EXERCISE DATA.
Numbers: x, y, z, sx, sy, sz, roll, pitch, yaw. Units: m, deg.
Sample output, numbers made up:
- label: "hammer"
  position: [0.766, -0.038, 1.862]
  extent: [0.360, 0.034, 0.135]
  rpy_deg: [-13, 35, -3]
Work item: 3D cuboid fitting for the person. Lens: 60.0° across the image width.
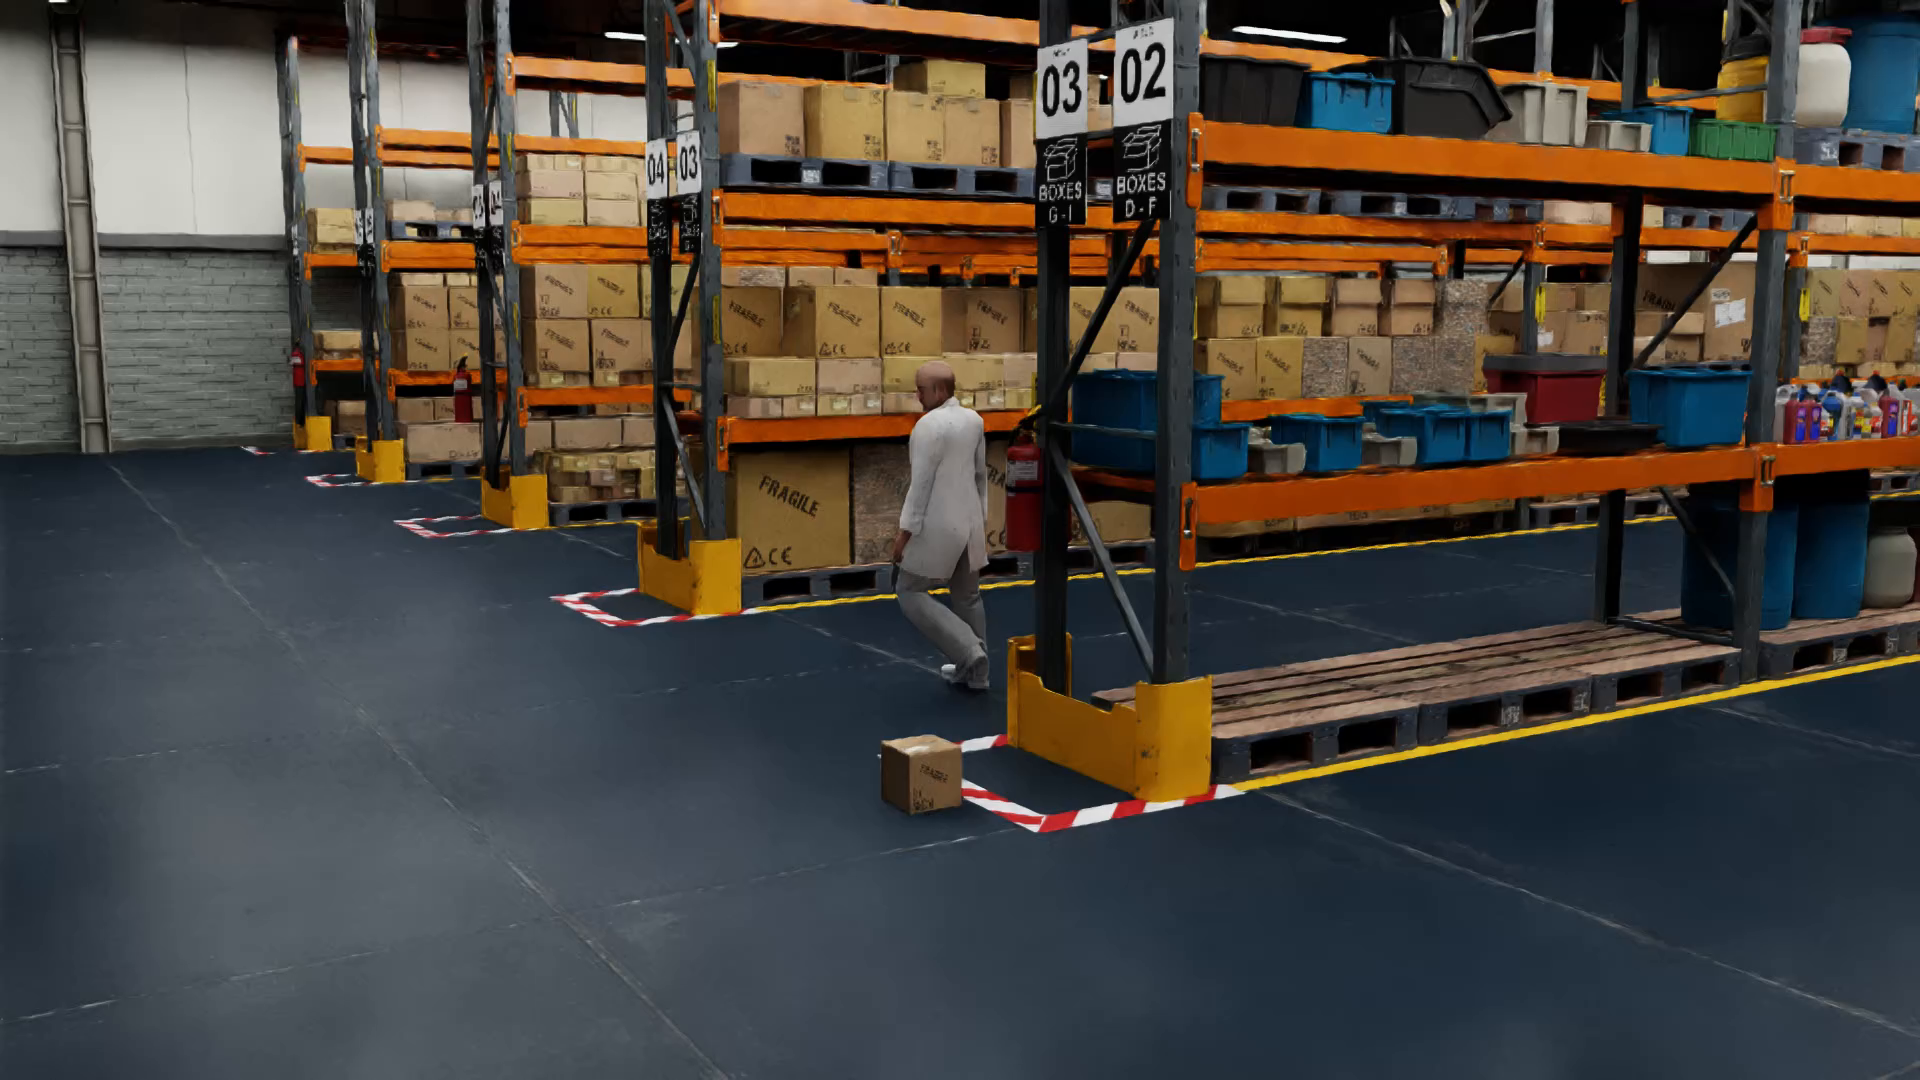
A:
- label: "person"
  position: [-0.042, -0.058, 8.722]
  extent: [0.555, 1.761, 0.640]
  rpy_deg: [6, 10, 36]
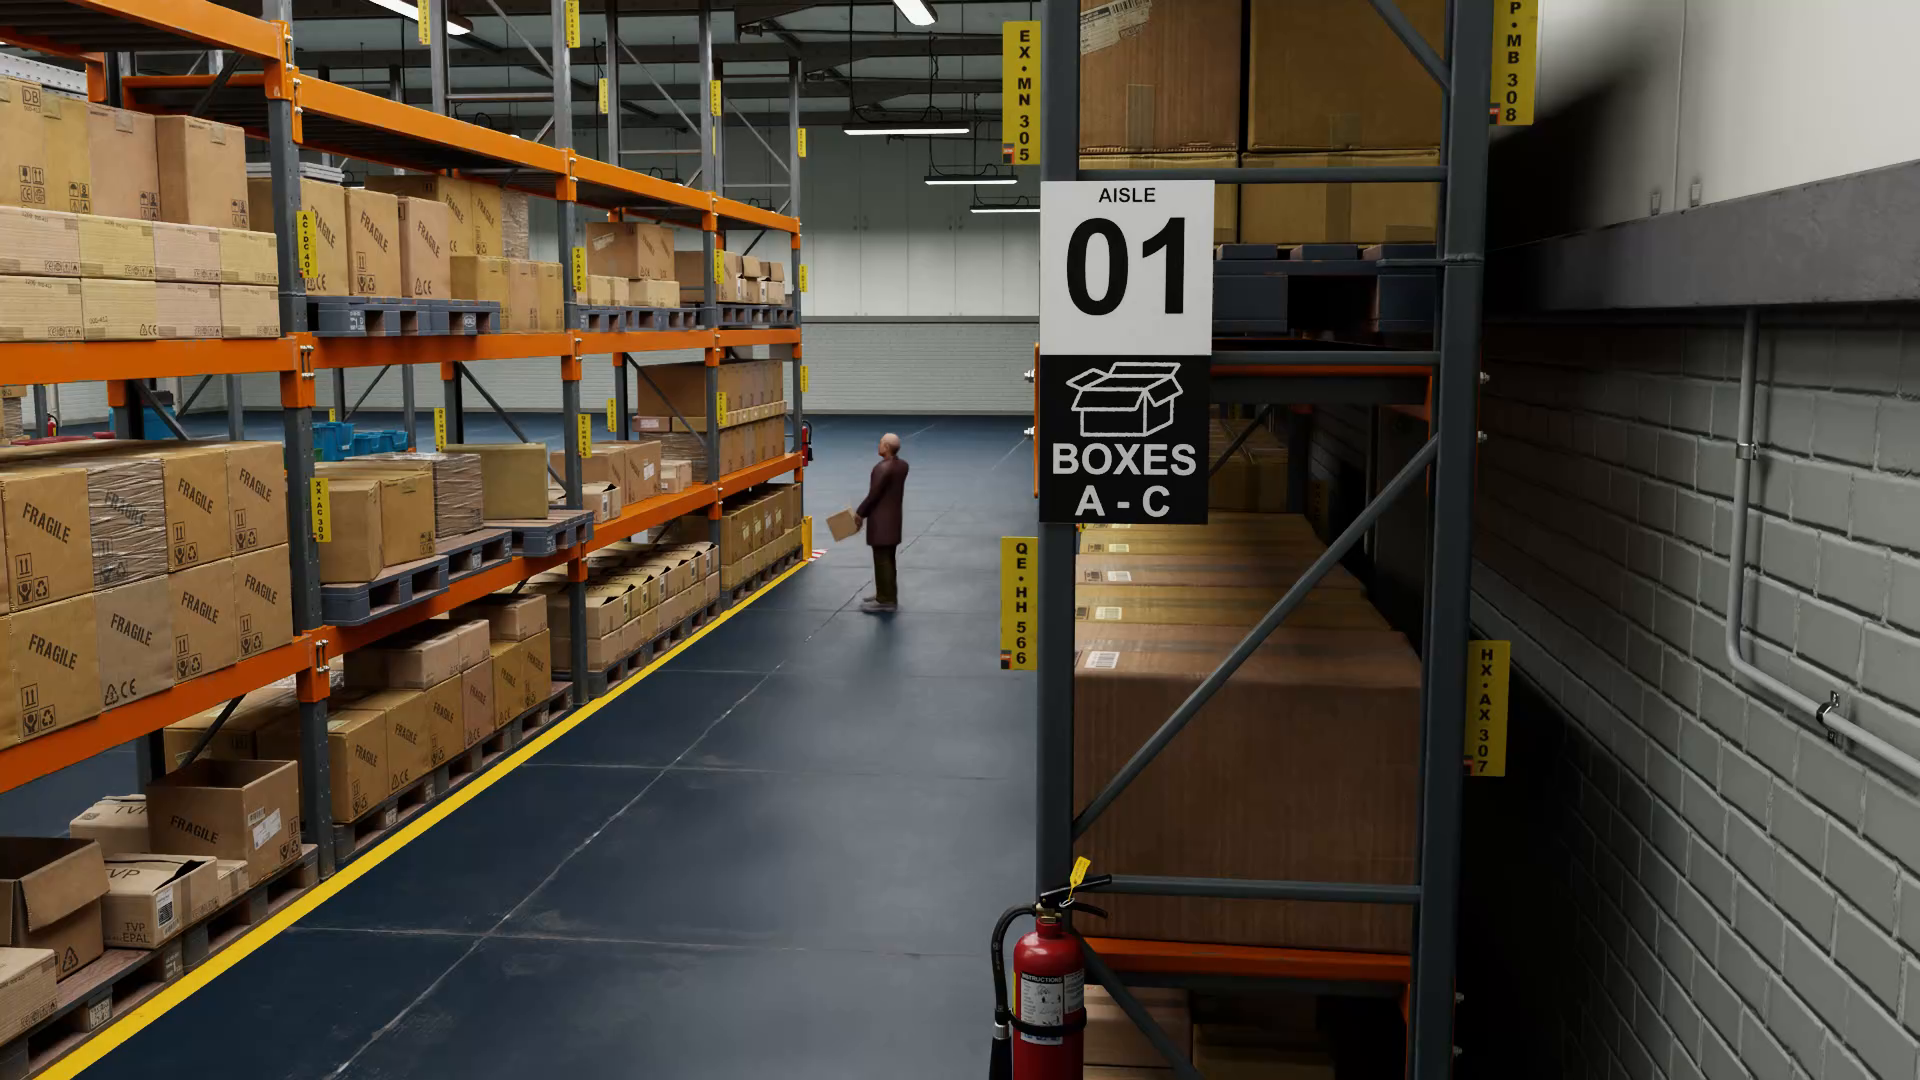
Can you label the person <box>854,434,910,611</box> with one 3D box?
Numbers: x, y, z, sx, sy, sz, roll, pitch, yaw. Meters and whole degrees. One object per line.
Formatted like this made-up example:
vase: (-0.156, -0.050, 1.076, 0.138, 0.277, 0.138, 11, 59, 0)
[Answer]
person: (-0.834, -0.187, 16.734, 0.558, 1.778, 0.570, 4, 8, 26)
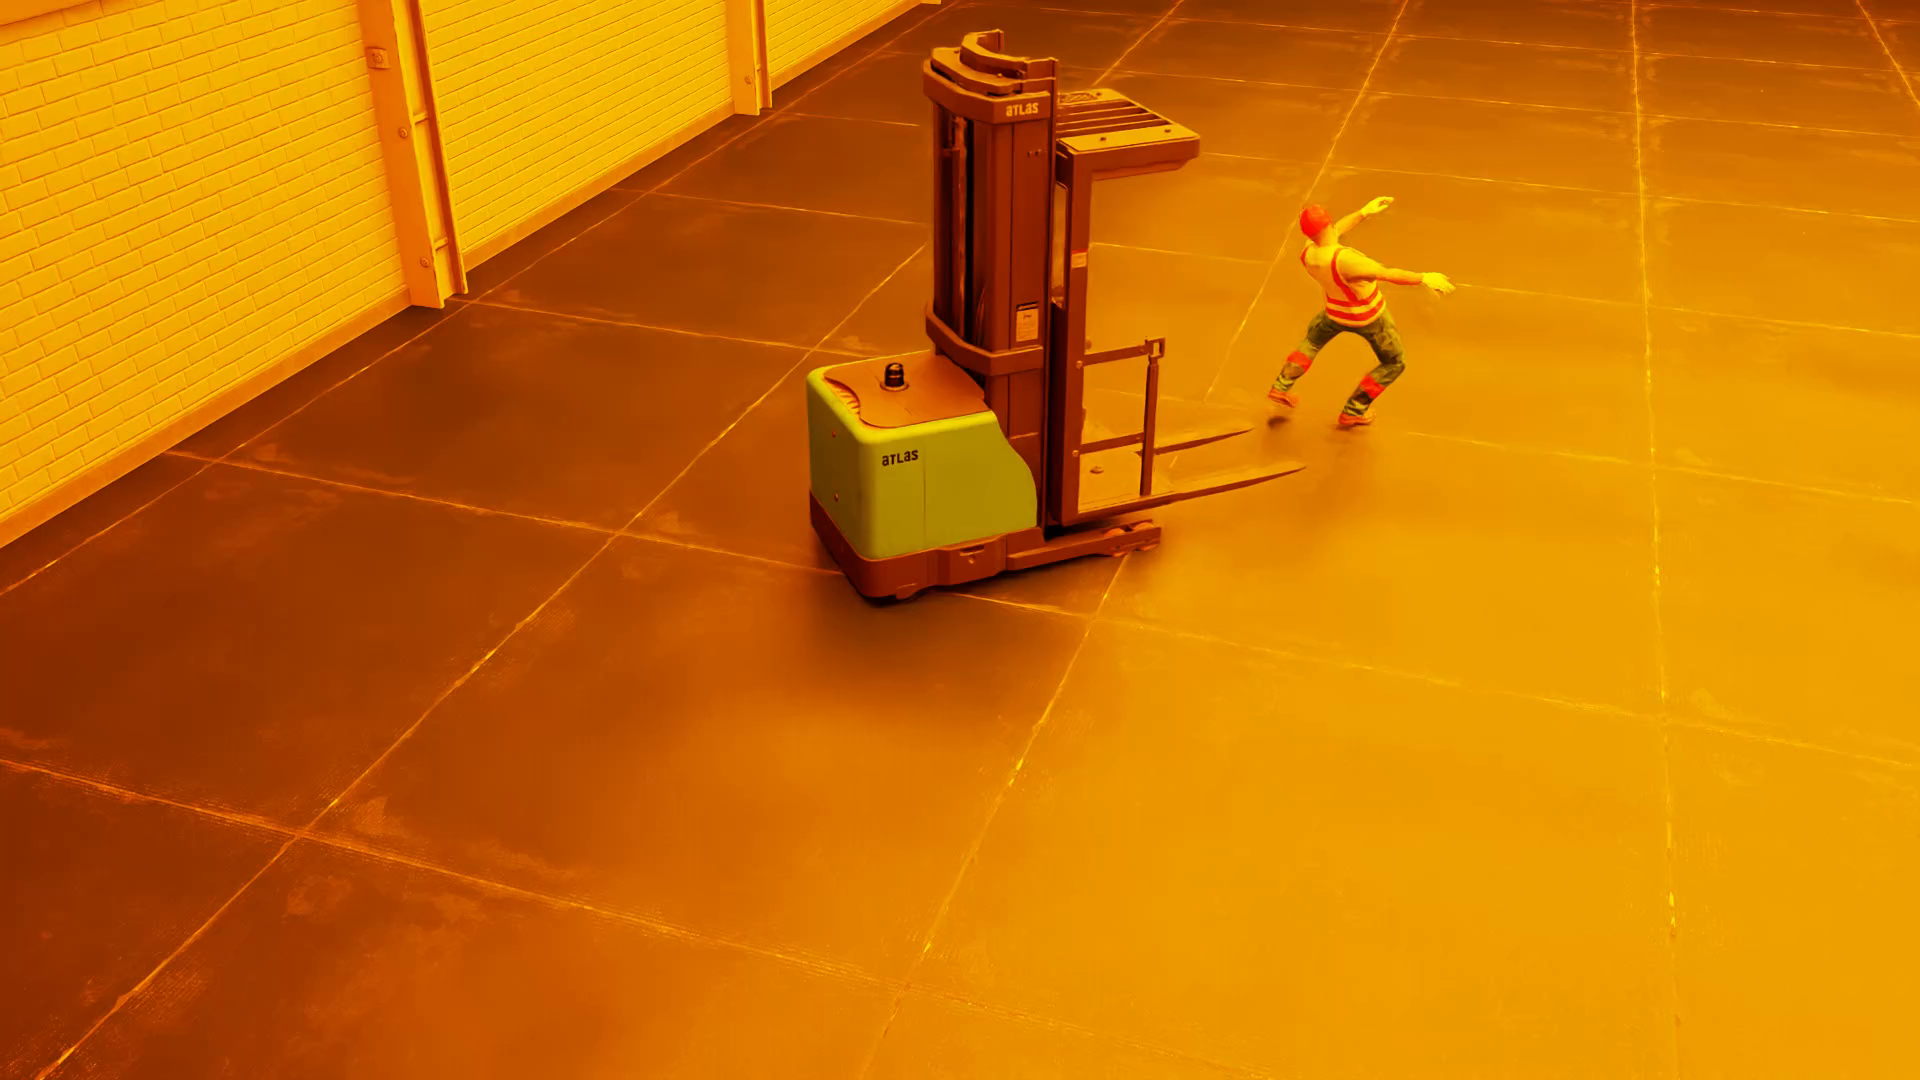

WHAT TO PRODUCE.
Set down the full listing above with its wording unchanged. Leave out its images.

EXERCISE SOLUTION.
Numbers: x, y, z, sx, sy, sz, roll, pitch, yaw. Units: m, deg.
Sample output, numbers made up:
- label: "hammer"
  position: [0.766, -0.038, 1.862]
  extent: [0.360, 0.034, 0.135]
  rpy_deg: [-13, 35, -3]
Work item: 3D cuboid fitting for the person. Lens: 60.0° across the image width.
A:
- label: "person"
  position: [-0.042, -0.058, 8.722]
  extent: [0.555, 1.761, 0.640]
  rpy_deg: [6, 10, 36]
Can you label the person <box>854,434,910,611</box> with one 3D box?
Numbers: x, y, z, sx, sy, sz, roll, pitch, yaw. Meters and whole degrees. One object per line.
Formatted like this made-up example:
vase: (-0.156, -0.050, 1.076, 0.138, 0.277, 0.138, 11, 59, 0)
[Answer]
person: (-0.834, -0.187, 16.734, 0.558, 1.778, 0.570, 4, 8, 26)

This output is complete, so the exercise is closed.